Quote from: Philip Rowland
the versions we ended up with were:

安死術夜戦の谷の蟹にある
anshi jutsu yasen no tani no kani ni aru

clean kills: in a night war a canyon a crab

         -- Hirahata Seito

and

砲音に鳥獣魚介冷え曇る
houon ni choujuu gyokai hie kumoru

at the shriek of artillery
birds beasts fish shellfish
chilling dim

           -- Saito Sanki

My guess is that the second of these is more in need of revision, tho the first is tricky, too...
Right! Thanks Phil. There is the weird (creepy/horrific/ironic) rhyme-sense-rhythm of "no tani no kani ni aru" [lit. night war's canyon's/valley's crab is /: a crab exists]. And Sanki's "hie kumoru" [chilling dim] is about as bizarre in Japanese as English.

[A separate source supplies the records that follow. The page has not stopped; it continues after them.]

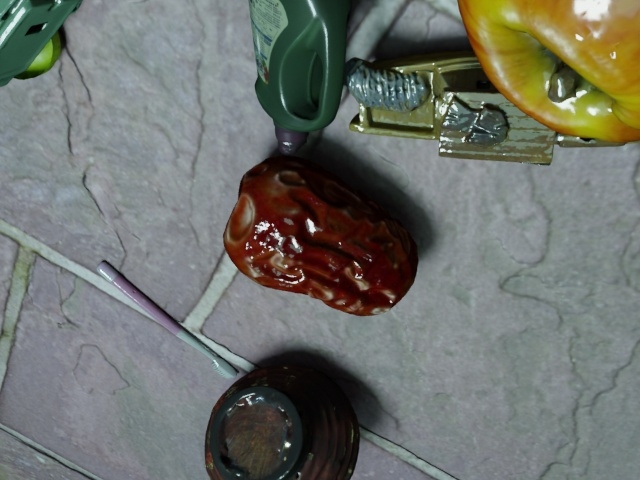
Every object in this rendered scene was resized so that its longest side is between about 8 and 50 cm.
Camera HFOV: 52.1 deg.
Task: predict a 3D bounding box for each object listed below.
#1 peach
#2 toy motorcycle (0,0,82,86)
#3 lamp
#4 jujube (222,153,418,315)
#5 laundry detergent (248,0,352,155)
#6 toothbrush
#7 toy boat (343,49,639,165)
[{"bbox_3d":[0.227,-0.210,0.445,0.281,0.281,0.238,47,172,-18],"label":"peach"},{"bbox_3d":[-0.327,-0.295,0.643,0.200,0.191,0.326,44,115,-11],"label":"toy motorcycle"},{"bbox_3d":[-0.058,0.303,0.989,0.247,0.247,0.247,11,130,13],"label":"lamp"},{"bbox_3d":[0.000,0.000,0.767,0.230,0.155,0.155,28,133,-15],"label":"jujube"},{"bbox_3d":[-0.023,-0.173,0.652,0.144,0.078,0.221,47,148,39],"label":"laundry detergent"},{"bbox_3d":[-0.244,0.133,1.050,0.286,0.020,0.025,44,136,-16],"label":"toothbrush"},{"bbox_3d":[0.176,-0.126,0.611,0.321,0.121,0.089,7,123,17],"label":"toy boat"}]
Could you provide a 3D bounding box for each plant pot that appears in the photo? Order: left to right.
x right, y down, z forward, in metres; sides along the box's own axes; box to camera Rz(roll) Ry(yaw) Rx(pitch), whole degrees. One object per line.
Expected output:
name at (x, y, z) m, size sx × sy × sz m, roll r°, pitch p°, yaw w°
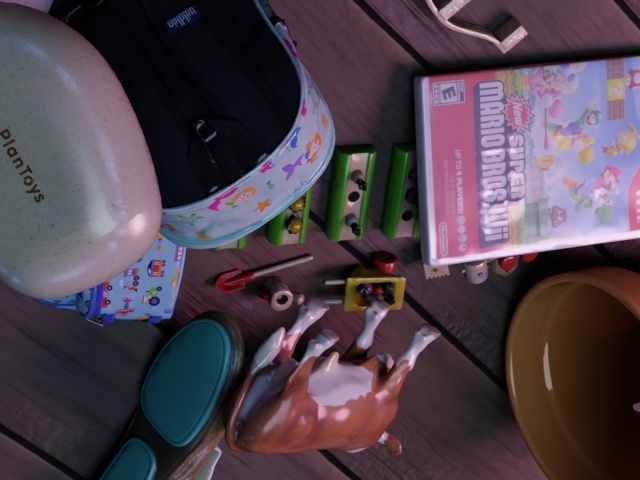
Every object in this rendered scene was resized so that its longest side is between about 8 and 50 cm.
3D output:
plant pot at (0.382, 0.157, 2.013) m, size 0.203 × 0.291 × 0.291 m, roll -15°, pitch 126°, yaw -33°

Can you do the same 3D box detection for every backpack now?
backpack at (-0.230, 0.002, 1.745) m, size 0.173 × 0.117 × 0.158 m, roll 6°, pitch 117°, yaw -22°
backpack at (-0.111, -0.120, 1.635) m, size 0.225 × 0.253 × 0.191 m, roll -36°, pitch 147°, yaw 0°

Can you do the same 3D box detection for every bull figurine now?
bull figurine at (0.021, 0.159, 1.892) m, size 0.310 × 0.101 × 0.188 m, roll -3°, pitch 123°, yaw -55°

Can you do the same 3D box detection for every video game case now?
video game case at (0.238, -0.089, 1.893) m, size 0.285 × 0.025 × 0.204 m, roll -8°, pitch 102°, yaw -21°

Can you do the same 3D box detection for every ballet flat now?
ballet flat at (-0.148, 0.217, 1.928) m, size 0.124 × 0.116 × 0.342 m, roll 4°, pitch 121°, yaw -48°

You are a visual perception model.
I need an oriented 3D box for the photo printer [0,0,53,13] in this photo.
photo printer at (-0.397, -0.228, 1.520) m, size 0.307 × 0.107 × 0.256 m, roll -32°, pitch 138°, yaw -2°

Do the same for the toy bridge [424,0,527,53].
toy bridge at (0.142, -0.252, 1.796) m, size 0.063 × 0.026 × 0.188 m, roll -40°, pitch 127°, yaw 7°

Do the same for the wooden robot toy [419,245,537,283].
wooden robot toy at (0.200, 0.021, 1.967) m, size 0.173 × 0.076 × 0.079 m, roll -22°, pitch 137°, yaw -9°

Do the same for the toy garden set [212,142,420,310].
toy garden set at (0.000, 0.000, 1.880) m, size 0.244 × 0.049 × 0.204 m, roll -4°, pitch 122°, yaw -20°

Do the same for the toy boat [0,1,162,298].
toy boat at (-0.304, -0.062, 1.537) m, size 0.318 × 0.148 × 0.267 m, roll -21°, pitch 97°, yaw 12°
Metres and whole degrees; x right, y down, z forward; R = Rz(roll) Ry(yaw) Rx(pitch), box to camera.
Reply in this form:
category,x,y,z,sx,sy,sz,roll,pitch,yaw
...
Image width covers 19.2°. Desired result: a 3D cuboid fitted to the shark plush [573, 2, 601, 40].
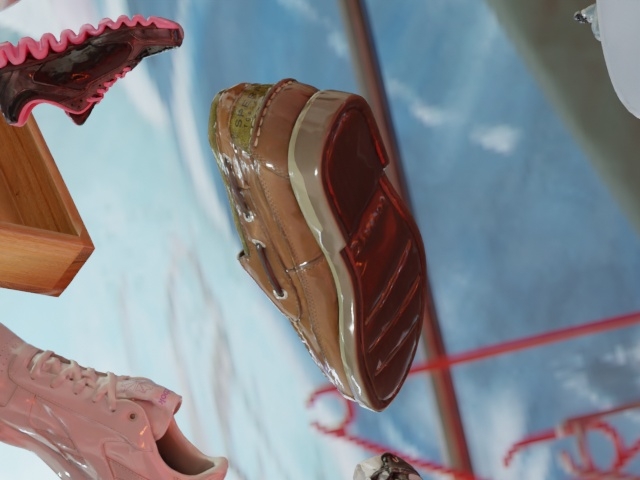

Ito and I had many discussions about this. I was tempted to think of "hie kumoru" as "extinction" (of all life, of wildlife, or ? but perhaps this is conceptually overwrought). In the end, our imaginations failed us -- we finally returned to just trying to say in English what it says in Japanese, without a further "figuring out." I wonder if a sensitive bilingual poet/translator might offer an alternate translation -- Fay, where are you!?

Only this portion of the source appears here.